Title: The Lady Astronaut Series
“The Lady Astronaut of Mars” – short story (free!)
The Calculating Stars
The Fated Sky
Author: Mary Robinette Kowal
Published: 2013 – 2018
ISBN 13: 9780765378385 & 9780765398949
What’s Auntie Reading Now? pictures: Fated Sky
Publisher’s Blurb: (Calculating Stars): … with so many skilled and experienced women pilots and scientists involved with the program, it doesn’t take long before Elma begins to wonder why they can’t go into space, too—aside from some pesky barriers like thousands of years of history and a host of expectations about the proper place of the fairer sex. And yet, Elma’s drive to become the first Lady Astronaut is so strong that even the most dearly held conventions may not stand a chance.
(Fated Sky): Continuing the grand sweep of alternate history laid out in The Calculating Stars, The Fated Sky looks forward to 1961, when mankind is well-established on the moon and looking forward to its next step: journeying to, and eventually colonizing, Mars.
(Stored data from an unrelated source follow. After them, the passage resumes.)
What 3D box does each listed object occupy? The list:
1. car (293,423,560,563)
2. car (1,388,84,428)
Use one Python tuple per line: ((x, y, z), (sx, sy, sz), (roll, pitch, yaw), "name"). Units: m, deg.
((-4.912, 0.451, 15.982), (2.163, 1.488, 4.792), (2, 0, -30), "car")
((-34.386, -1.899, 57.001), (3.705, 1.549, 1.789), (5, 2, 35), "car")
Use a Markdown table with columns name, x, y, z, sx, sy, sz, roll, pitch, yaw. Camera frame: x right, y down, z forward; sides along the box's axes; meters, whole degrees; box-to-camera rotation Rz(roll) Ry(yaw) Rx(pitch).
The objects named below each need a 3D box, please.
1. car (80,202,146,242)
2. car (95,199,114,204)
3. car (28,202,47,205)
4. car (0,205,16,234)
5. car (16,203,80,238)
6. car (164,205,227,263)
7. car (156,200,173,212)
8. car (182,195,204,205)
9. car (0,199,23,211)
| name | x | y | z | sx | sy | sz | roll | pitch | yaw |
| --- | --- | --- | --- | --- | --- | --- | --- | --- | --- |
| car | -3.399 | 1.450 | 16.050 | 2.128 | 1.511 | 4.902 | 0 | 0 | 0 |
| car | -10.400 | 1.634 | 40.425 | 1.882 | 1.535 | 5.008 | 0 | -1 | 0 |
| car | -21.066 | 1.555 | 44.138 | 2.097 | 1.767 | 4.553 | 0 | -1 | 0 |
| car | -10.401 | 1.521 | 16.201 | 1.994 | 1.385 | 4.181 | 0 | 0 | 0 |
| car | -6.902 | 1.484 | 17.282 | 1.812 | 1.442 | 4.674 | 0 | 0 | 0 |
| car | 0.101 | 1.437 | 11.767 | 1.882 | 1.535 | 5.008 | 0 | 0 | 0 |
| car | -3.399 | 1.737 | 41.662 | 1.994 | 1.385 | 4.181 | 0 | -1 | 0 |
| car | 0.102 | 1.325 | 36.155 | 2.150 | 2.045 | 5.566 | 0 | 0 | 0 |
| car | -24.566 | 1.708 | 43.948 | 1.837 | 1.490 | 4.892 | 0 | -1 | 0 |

I am not kidding even a little when I say these books jumped to the top of my list of favorites. And getting to meet Mary Robinette Kowal was a highlight of my WorldCon experience. She really is kind, patient and generous.
The Lady Astronaut series is entertaining, even while discussing important topics like sexism, racism and, climate change, just to name a few.
And her publisher Tor has announced there will be two more books in the series.
The Calculating Stars
This book literally starts off with a bang. A cataclysmic event which takes out most of the east coast of the US, and precipitates a space race to move the world’s population to another planet.
It’s an alternate history of the US space program set in the late 1950s and grapples with the big question we find ourselves facing now, “How do we save ourselves?”
Elma is a mathematician who ferried planes around during World War II. She is smart, capable and, stubborn. Her only visible flaw is that she’s a woman in that time period. She has to fight so much just to have her contributions to the space program noticed. She’s fine out of the public eye as a computer. But that’s not what she wants for herself, or her friends who also fly.
Part of Elma’s story is her social anxiety. In school she was shamed for being smart. One of her coping mechanisms is to count prime numbers. But doing that doesn’t keep her from throwing up before she makes public appearances. So she does what any sensible person would do, she goes to the doctor for help.
Miltown prescription in hand, Elma is better able to handle her anxiety. It has to be kept a secret though, because open knowledge would cause those the men in charge to view her as an hysterical female and drop her from the program.
It would have been just as easy to not write this about Elma. It’s already nearly impossible for her to make any headway on equality in the space program. Giving her protagonist social anxiety, Kowal shows just how determined Elma is to make equality a realty.
The things the women have to do to prove their worth are demeaning. Something most women would identify with, no matter their generation or profession. And all the women striving to be in the space program paste their best smiles on and go through the paces. They know there’s a lot on the line for so many reasons.
By the end of The Calculating Stars Elma has earned her place in the program setting up the Moon as a way station to Mars.
The Fated Sky
There’s a colony on the moon now, and Elma rotates on and off, flying shuttles to Earth and helping prepare for the next big step, colonizing Mars.
It isn’t until the director realizes that the navigational computer isn’t reliable and too hard to program that a woman is considered for the crew. Elma’s highly visible profile as the “Lady Astronaut” makes her the choice to go at the expense of someone else’s place. And living in close quarters makes it harder on everyone involved.
Seven people on a space ship to Mars. There’s a lot of tension. Affairs are revealed, old wounds are picked at, and Elma does her best to roll with it. We finally see what’s been festering between Stetson Parker and Elma York in both books.
We also get to see the astronauts try to work through the personal issues which could very well be the downfall of the mission to Mars. The best thing about Elma is she’s always trying to understand, and learn, when her privileged white background gets in the way.
By the end of the book, landing on Mars has become not routine, but is well on its way.